McKnight shared a story of the impact Zen had on an officer, who was called to a suicide of a young person. During a debriefing, the officer remarked on how comforting it was to have Zen in the room.
“He said it allowed him to be more emotional,” she said, as Zen lay at her feet. “He had a tear in his eye as he talked about one of the suicides he was dealing with and just how traumatic it was, and how sad it was because it was a youth, and how it really impacted him.”
Although some officers are allergic to dogs and others aren’t dog people, McKnight said many officers will actively seek out Zen during the work day.
“I've had far more deeper conversations about mental health one-on-one with people who are struggling and in a mental health situation than I had before I got him,” she said. “Now maybe it's because I've been around longer and people recognize me, but officers are seeking him out. He's raised our employee wellness profile significantly.”
Added McKnight: “Quite honestly, if I had a penny for every time somebody says, ‘Oh my gosh, look at how calm he is,’ I’d be a rich woman.”
McKnight has been a police officer for 23 years. She has worked in patrol and the domestic violence unit.

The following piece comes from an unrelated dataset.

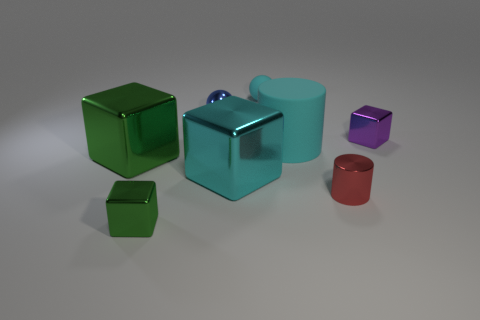Subtract all green cubes. How many were subtracted if there are1green cubes left? 1 Subtract 2 cubes. How many cubes are left? 2 Add 1 yellow spheres. How many objects exist? 9 Subtract all brown blocks. Subtract all cyan cylinders. How many blocks are left? 4 Subtract 0 gray cubes. How many objects are left? 8 Subtract all spheres. How many objects are left? 6 Subtract all big green shiny blocks. Subtract all big blue metal spheres. How many objects are left? 7 Add 6 cyan spheres. How many cyan spheres are left? 7 Add 3 shiny cylinders. How many shiny cylinders exist? 4 
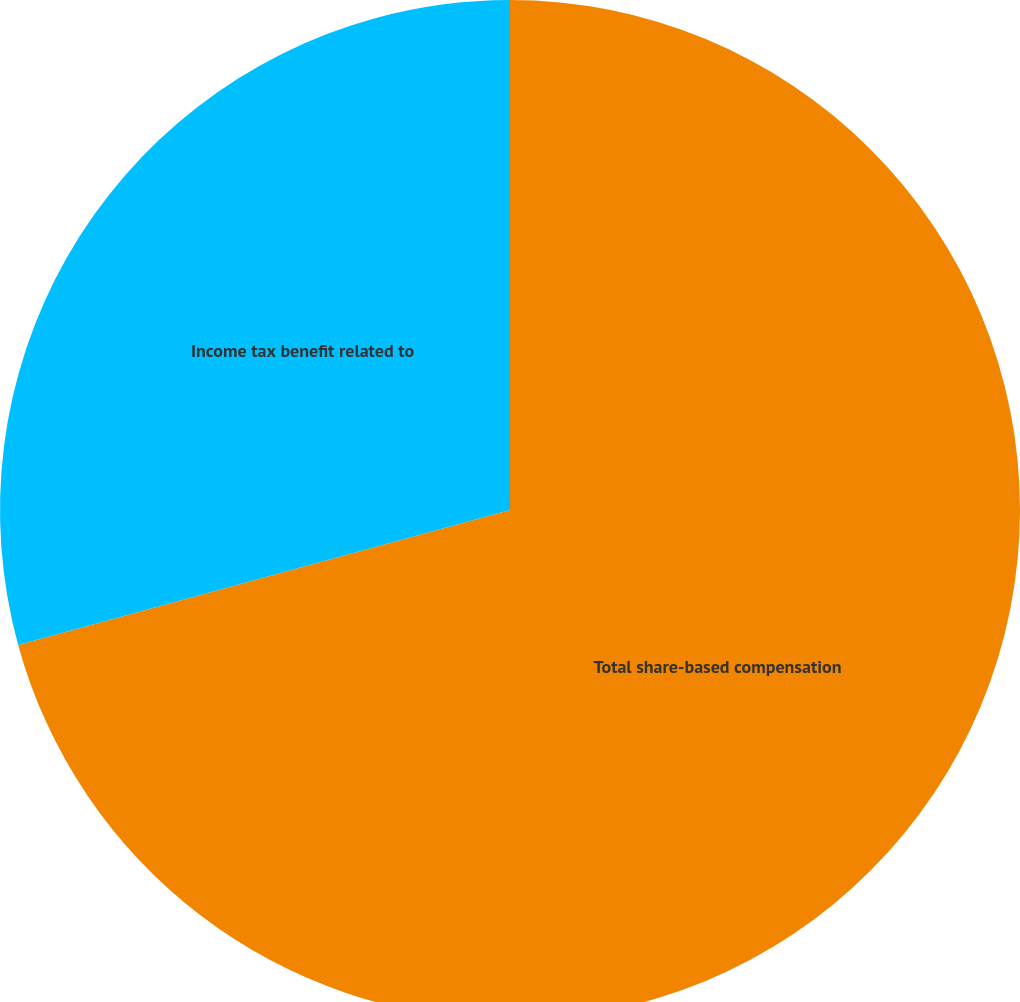Convert chart. <chart><loc_0><loc_0><loc_500><loc_500><pie_chart><fcel>Total share-based compensation<fcel>Income tax benefit related to<nl><fcel>70.74%<fcel>29.26%<nl></chart>

Her last post before moving to the wellness unit two years ago was in homicide, where she was the file coordinator of a double murder on Broadway, where an innocent 15-year-old boy was shot while riding in a car with his parents.
McKnight burned out from the workload and emotional toll of the job. She took some time off to take a trip to Jordan, where she did volunteer work for Habitat for Humanity and toured the country.
But she almost died there, she said, after getting caught in a flash flood.
Upon return, she spoke to a psychologist about her experiences on and off the job and discussed what her next posting would be in the department. She had a choice between the missing persons team and the wellness unit. She was cautioned about the heavy toll the wellness unit could have on her.
“Hands down, it is the right position for me,” she said. “I'm so glad I did it. I did a lot of personal therapy to figure out my trauma and to get it out of my body. So now I have first-hand experience, and I'm more than willing to share that with my colleagues.”
She acknowledged she has the added privilege of taking Zen home with her at the end of the day. McKnight was set to retire next year, but will stay on the job for at least five more years because of the satisfaction she gets from working with Zen.
In that time, she expects the department to bring on another dog to replace Zen, who was raised and initially trained to be an assistance dog for someone with a physical disability, or who is deaf or hard-of-hearing.
Zen represented his name very well during this reporter’s visit to the VPD’s Cambie Street precinct, where he interacted with officers and posed for photographs. Mostly though, he was sacked out on the carpet.
“The tension in the room is notably lower when Zen is present, and that tells me he's done his job, which is why we got him,” said McKnight, who praised the work done by PADS to raise and train Zen. “This is the end result of their work right here.”